Records drawn from a dataset
Start of Block

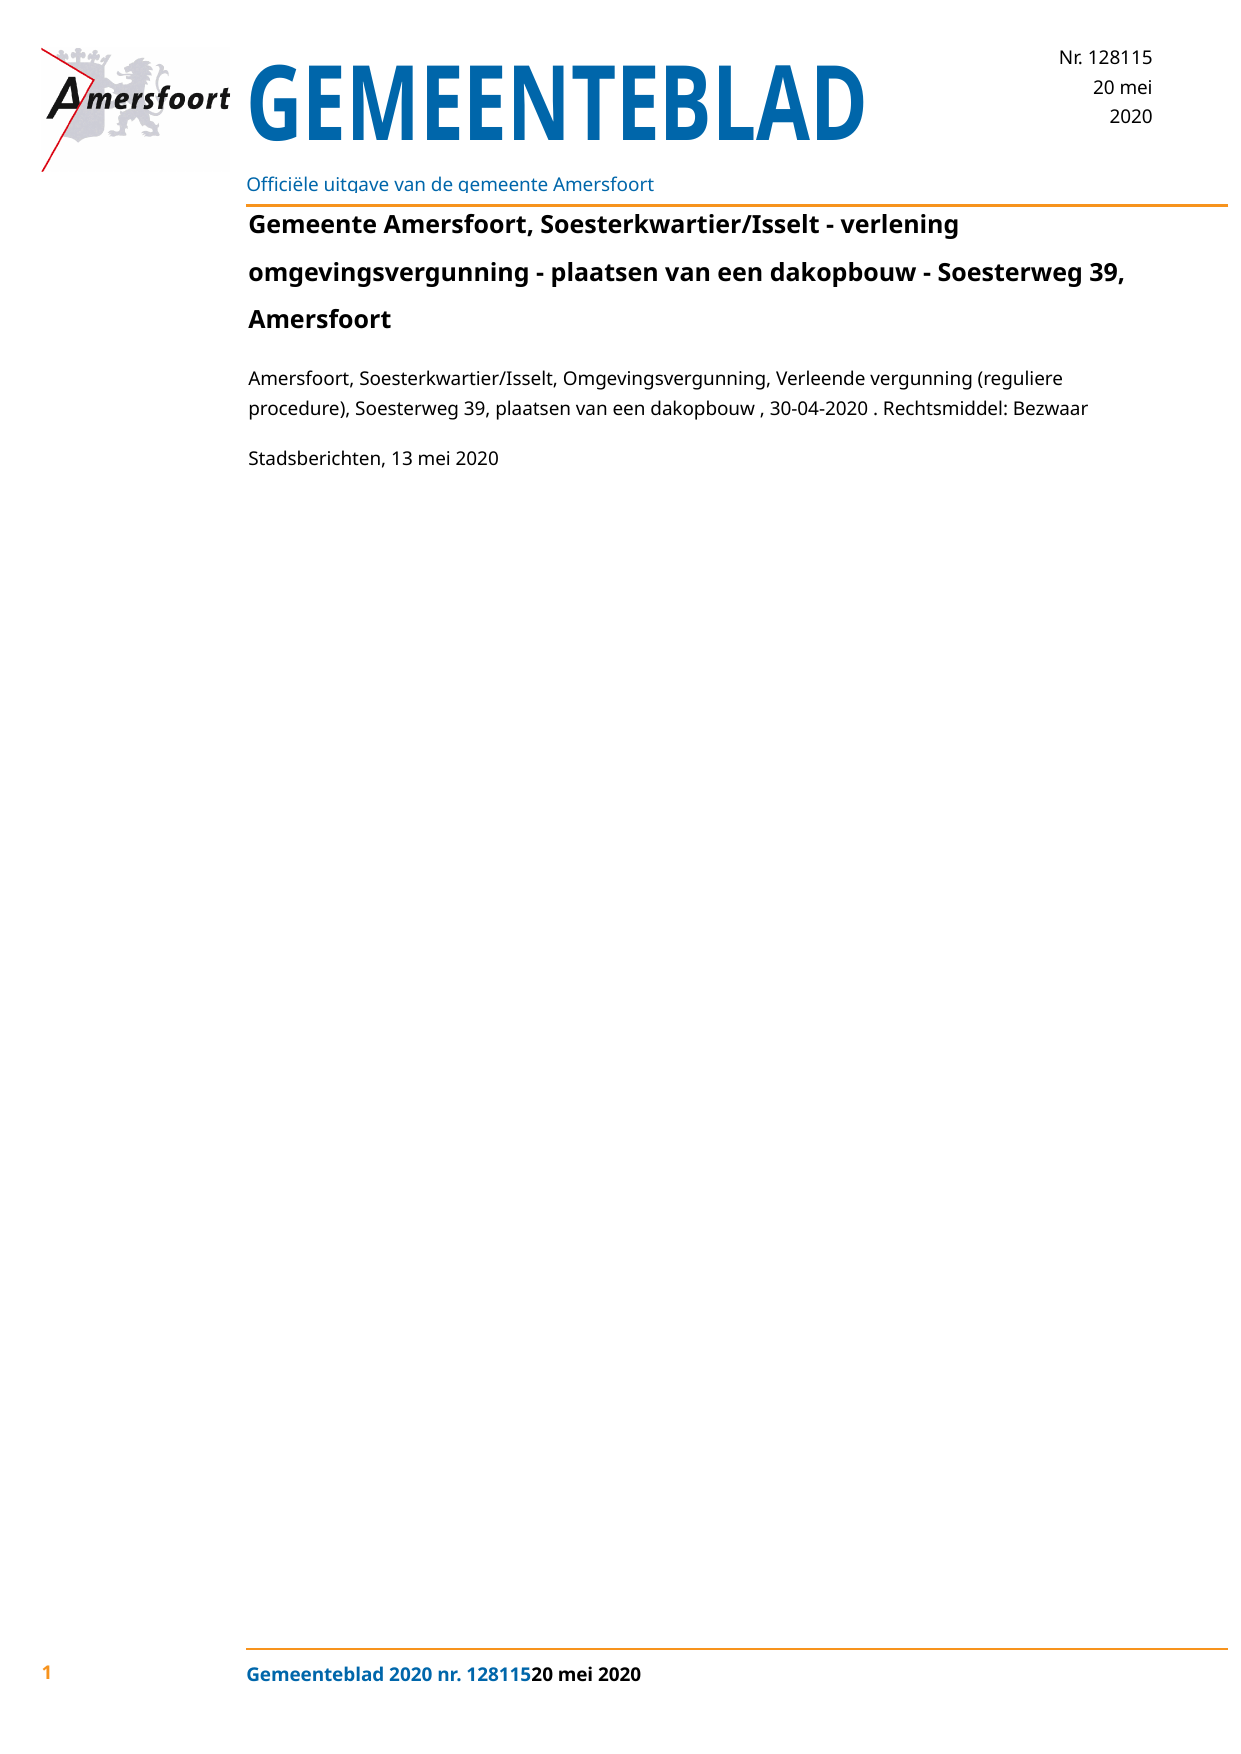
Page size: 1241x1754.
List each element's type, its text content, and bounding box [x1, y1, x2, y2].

text Amersfoort, Soesterkwartier/Isselt, Omgevingsvergunning, Verleende vergunning (reguliere procedure), Soesterweg 39, plaatsen van een dakopbouw , 30-04-2020 . Rechtsmiddel: Bezwaar [248, 366, 1152, 421]
text Stadsberichten, 13 mei 2020 [248, 446, 1152, 471]
text Gemeente Amersfoort, Soesterkwartier/Isselt - verlening omgevingsvergunning - plaatsen van een dakopbouw - Soesterweg 39, Amersfoort [248, 207, 1152, 336]
picture [41, 47, 231, 172]

End of Block

TASK REQUIREMENTS » Would you retype the lines of the data above, from the one holding "List each element's" through its final line, exactly and without adding any other line?

WORKED SOLUTION »
List each element's type, its text content, and bounding box [x1, y1, x2, y2].

text Amersfoort, Soesterkwartier/Isselt, Omgevingsvergunning, Verleende vergunning (reguliere procedure), Soesterweg 39, plaatsen van een dakopbouw , 30-04-2020 . Rechtsmiddel: Bezwaar [248, 366, 1152, 421]
text Stadsberichten, 13 mei 2020 [248, 446, 1152, 471]
text Gemeente Amersfoort, Soesterkwartier/Isselt - verlening omgevingsvergunning - plaatsen van een dakopbouw - Soesterweg 39, Amersfoort [248, 207, 1152, 336]
picture [41, 47, 231, 172]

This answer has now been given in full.